-- Assignment --
Write out the entire listing below exactly, with the pictures left out.

-- Records provided --
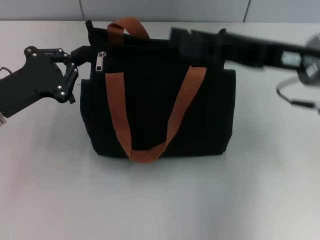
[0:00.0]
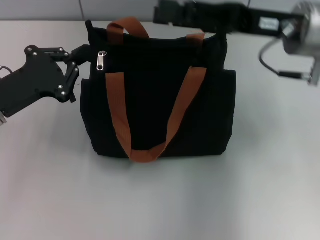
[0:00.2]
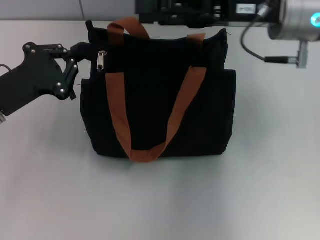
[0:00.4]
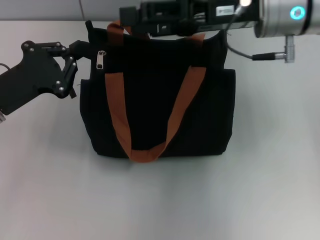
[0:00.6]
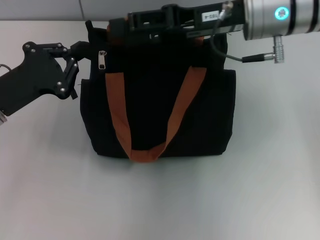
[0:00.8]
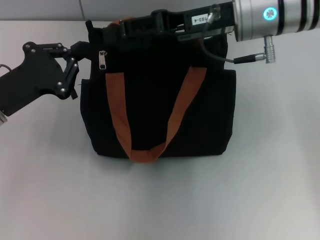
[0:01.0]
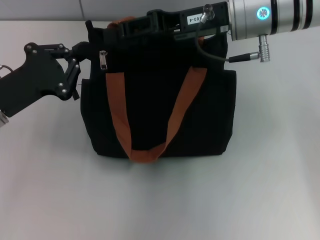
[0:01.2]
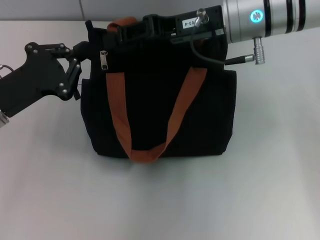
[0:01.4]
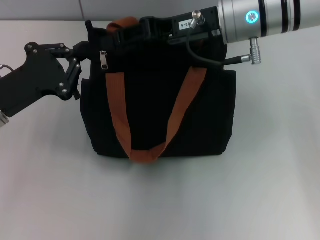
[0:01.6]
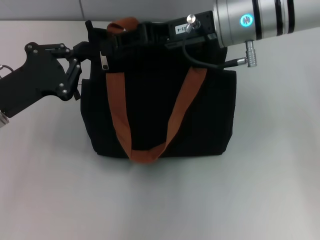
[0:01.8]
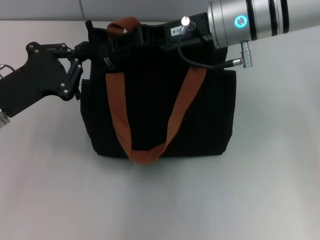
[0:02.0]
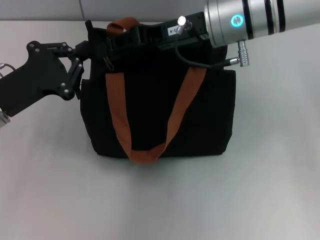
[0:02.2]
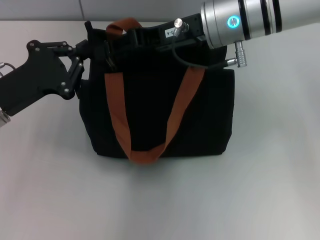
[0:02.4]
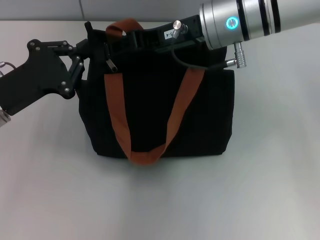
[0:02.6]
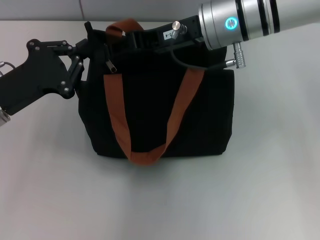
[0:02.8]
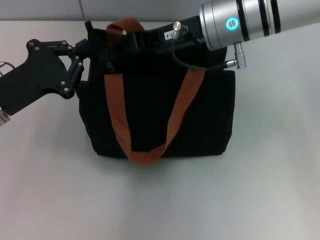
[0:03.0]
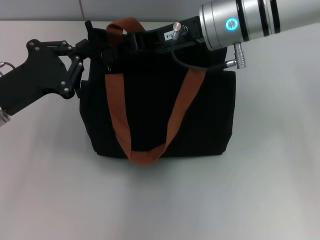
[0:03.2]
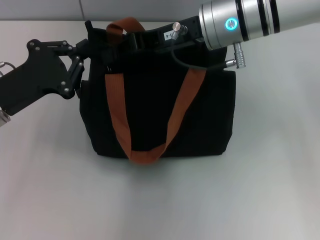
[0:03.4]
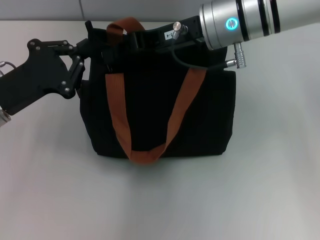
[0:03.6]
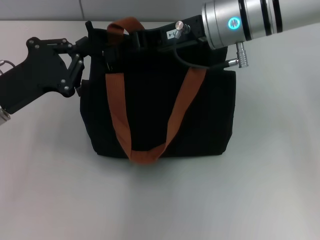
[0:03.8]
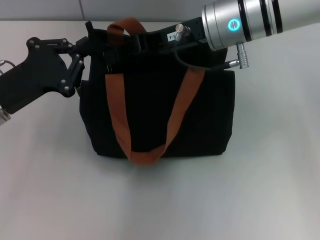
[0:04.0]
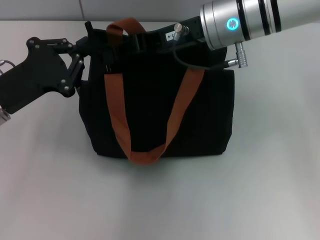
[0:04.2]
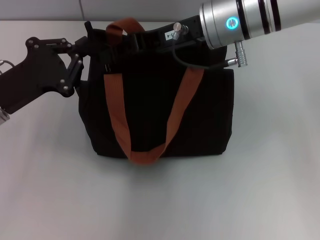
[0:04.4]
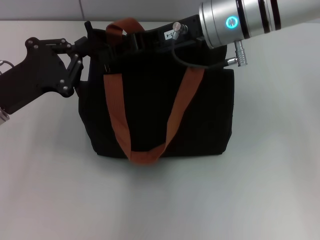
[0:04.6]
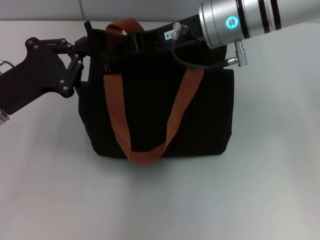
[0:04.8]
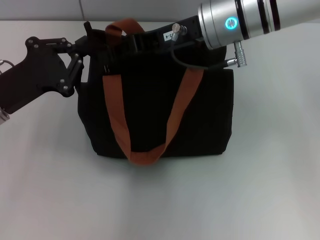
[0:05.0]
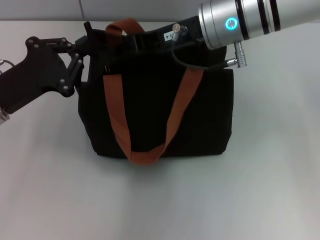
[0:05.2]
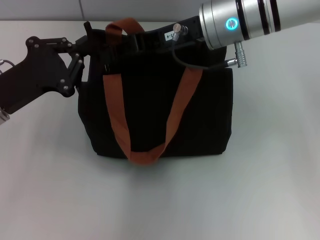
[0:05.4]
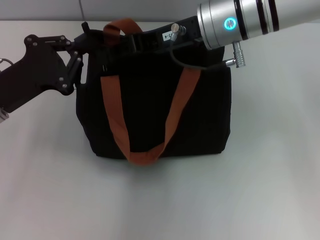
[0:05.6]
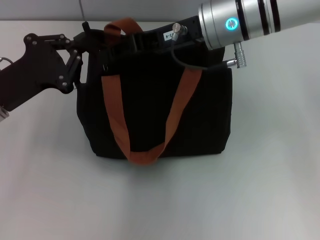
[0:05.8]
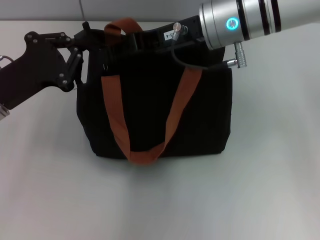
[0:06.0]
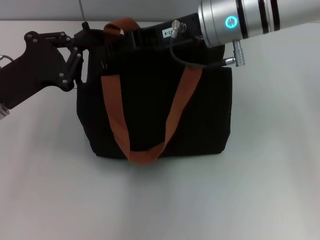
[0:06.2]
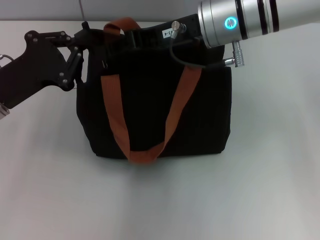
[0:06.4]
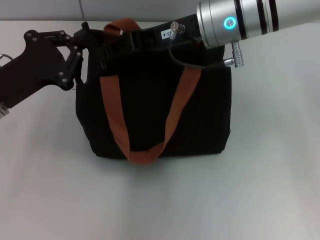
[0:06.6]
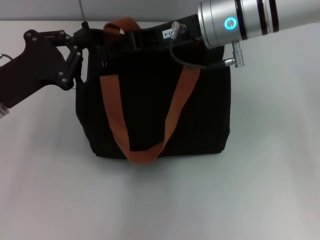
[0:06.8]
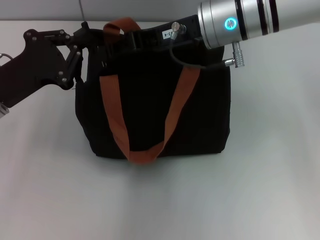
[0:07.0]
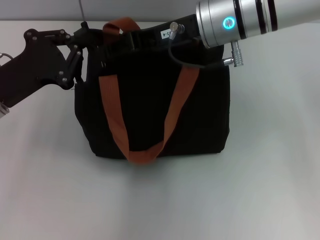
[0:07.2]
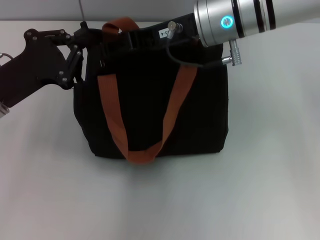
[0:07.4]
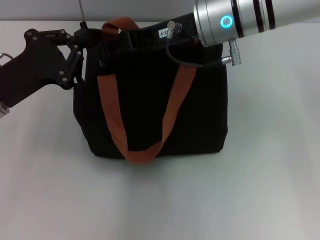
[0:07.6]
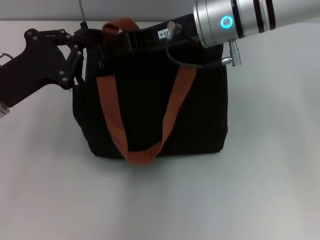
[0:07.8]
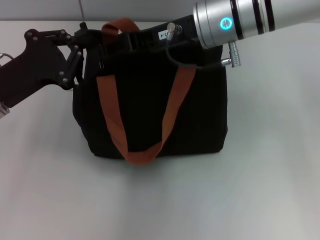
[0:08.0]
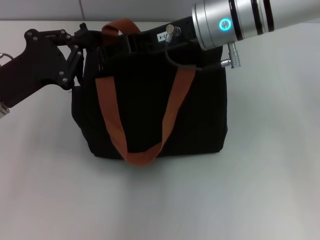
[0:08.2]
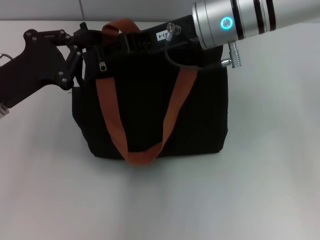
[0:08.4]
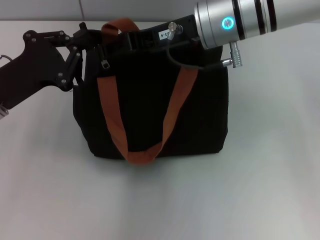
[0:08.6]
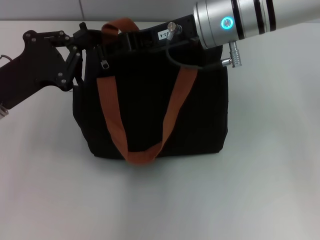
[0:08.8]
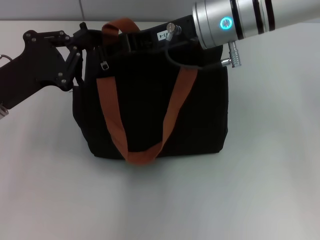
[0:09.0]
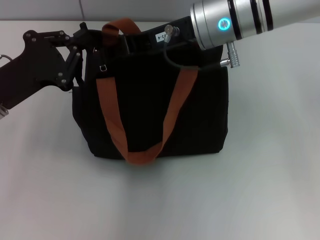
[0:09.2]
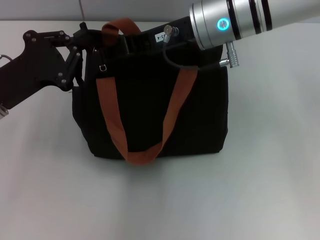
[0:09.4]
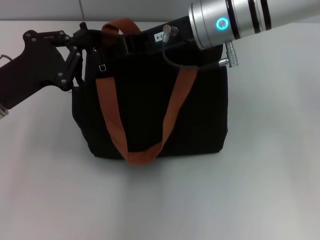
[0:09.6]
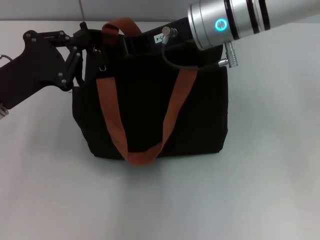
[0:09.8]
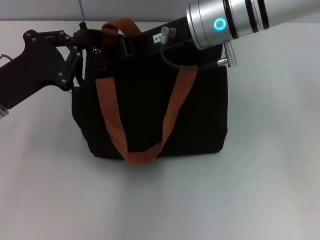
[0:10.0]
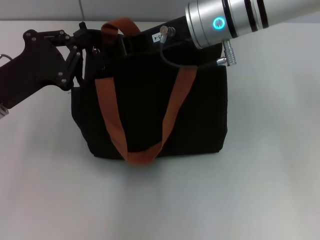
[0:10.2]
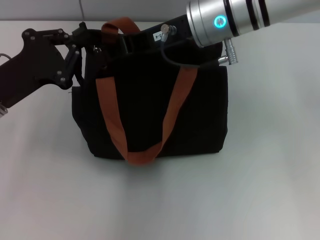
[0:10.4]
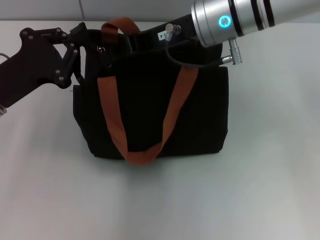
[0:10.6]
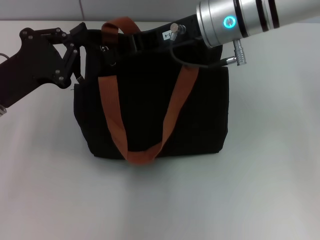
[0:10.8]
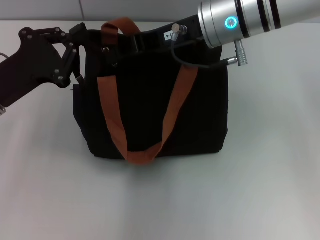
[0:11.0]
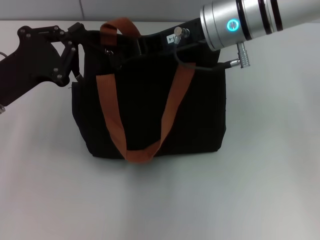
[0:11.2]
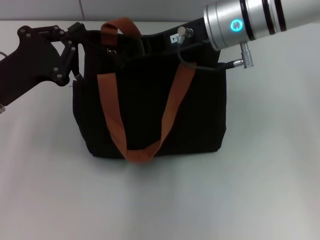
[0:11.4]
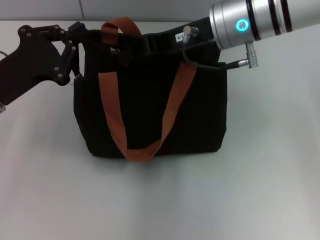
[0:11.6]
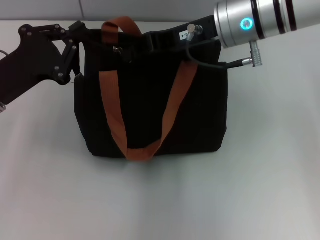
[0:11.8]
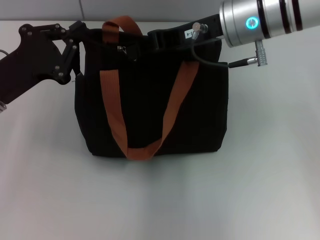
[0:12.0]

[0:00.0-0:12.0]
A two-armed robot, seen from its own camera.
0:00.0 to 0:01.6: The right gripper is displaced to the left and forward by some 10 cm, and closes its fingers.
0:01.6 to 0:03.0: There are only small adjustments of the grippers.
0:03.0 to 0:09.0: The two grippers keep their place.
0:09.0 to 0:10.4: The right gripper closes.
0:10.4 to 0:12.0: The grippers make only small movements.

-- Exercise result --
[0:00.0]
[0:00.2]
[0:00.4]
[0:00.6]
[0:00.8]
[0:01.0]
[0:01.2]
[0:01.4]
[0:01.6]
[0:01.8]
[0:02.0]
[0:02.2]
[0:02.4]
[0:02.6]
[0:02.8]
[0:03.0]
[0:03.2]
[0:03.4]
[0:03.6]
[0:03.8]
[0:04.0]
[0:04.2]
[0:04.4]
[0:04.6]
[0:04.8]
[0:05.0]
[0:05.2]
[0:05.4]
[0:05.6]
[0:05.8]
[0:06.0]
[0:06.2]
[0:06.4]
[0:06.6]
[0:06.8]
[0:07.0]
[0:07.2]
[0:07.4]
[0:07.6]
[0:07.8]
[0:08.0]
[0:08.2]
[0:08.4]
[0:08.6]
[0:08.8]
[0:09.0]
[0:09.2]
[0:09.4]
[0:09.6]
[0:09.8]
[0:10.0]
[0:10.2]
[0:10.4]
[0:10.6]
[0:10.8]
[0:11.0]
[0:11.2]
[0:11.4]
[0:11.6]
[0:11.8]
[0:12.0]

[0:00.0-0:12.0]
A two-armed robot, seen from its own camera.
0:00.0 to 0:01.6: The right gripper is displaced to the left and forward by some 10 cm, and closes its fingers.
0:01.6 to 0:03.0: There are only small adjustments of the grippers.
0:03.0 to 0:09.0: The two grippers keep their place.
0:09.0 to 0:10.4: The right gripper closes.
0:10.4 to 0:12.0: The grippers make only small movements.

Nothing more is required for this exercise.